Judging success
Published 12:35 pm Tuesday, January 30, 2018
Martin Luther King Jr. (MLK) once said, “We are prone to judge success by the index of our salaries or the size of our automobiles rather than by the quality of our service and relationship to mankind.”
We would like to commend Longwood University for its efforts to build up its students by emphasizing the importance of service and developing relationships with people in the community.
One of these efforts took the form of the MLK Service Challenge on Saturday, Jan. 20, kicking off a week of events celebrating MLK’s memory and mission. The service challenge featured different sites in Farmville and beyond where students could go and serve their community through a variety of different tasks.
In a Herald article last week, Jonathan Page, director of Citizen Leadership and Social Justice Education at Longwood, gave some specifics on what the 120 student volunteers did.
He noted that at the Lankford Student Union on Longwood’s campus, students and staff worked on creating bedding for the homeless.
Meanwhile, at the Andy Taylor Center for Early Childhood Development, students were assembling scooters, tricycles and more for children.
At High Bridge Trail State Park, students engaged in a conservation effort, digging through the snow to pick up trash. They filled up seven bags while also digging out four tires.

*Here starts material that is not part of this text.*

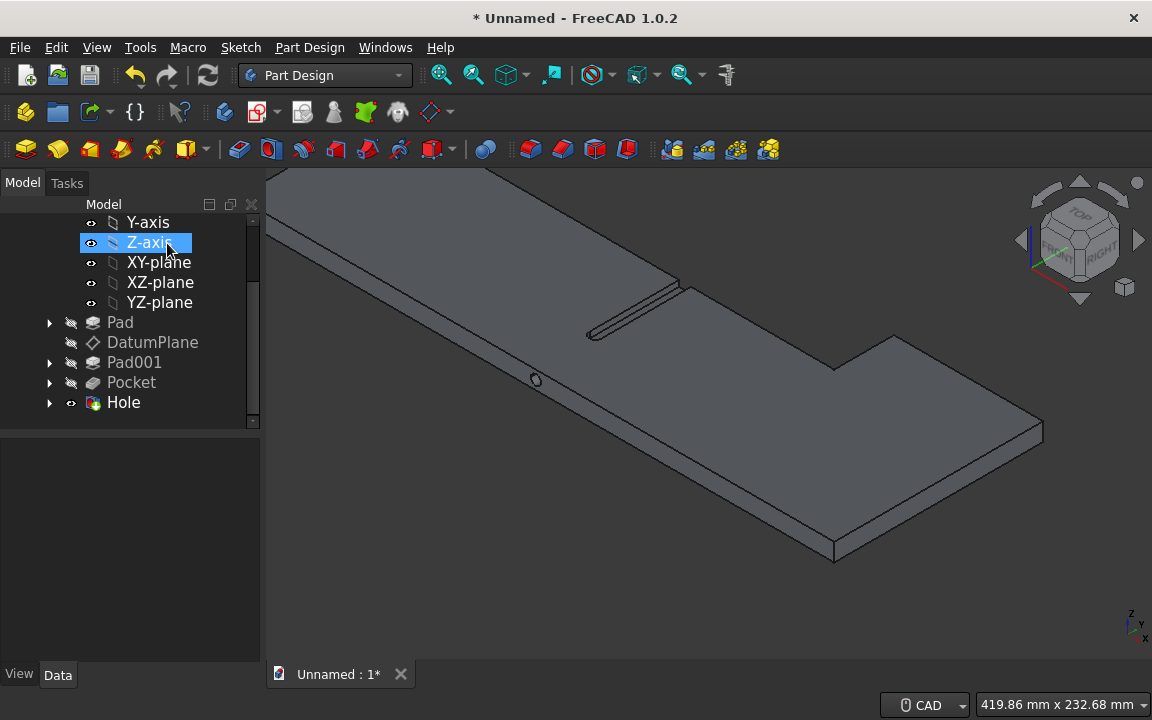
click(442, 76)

Page anticipates the school will help the park even more in the future, adding that the experience there on Jan. 20 was “the beginning of a true, burgeoning relationship between our office and High Bridge Trail.”
One of the other sites students served at was the Wayland Nursing & Rehabilitation Center in Keysville. Page said a key part of the students’ service there was simply providing companionship to residents who may not get many or any visitors.
We applaud everyone involved in the MLK Service Challenge, including the 120 students, the school at large and the event’s principal organizer, Quincy Goodine, assistant director of Community Learning & Engagement at Longwood.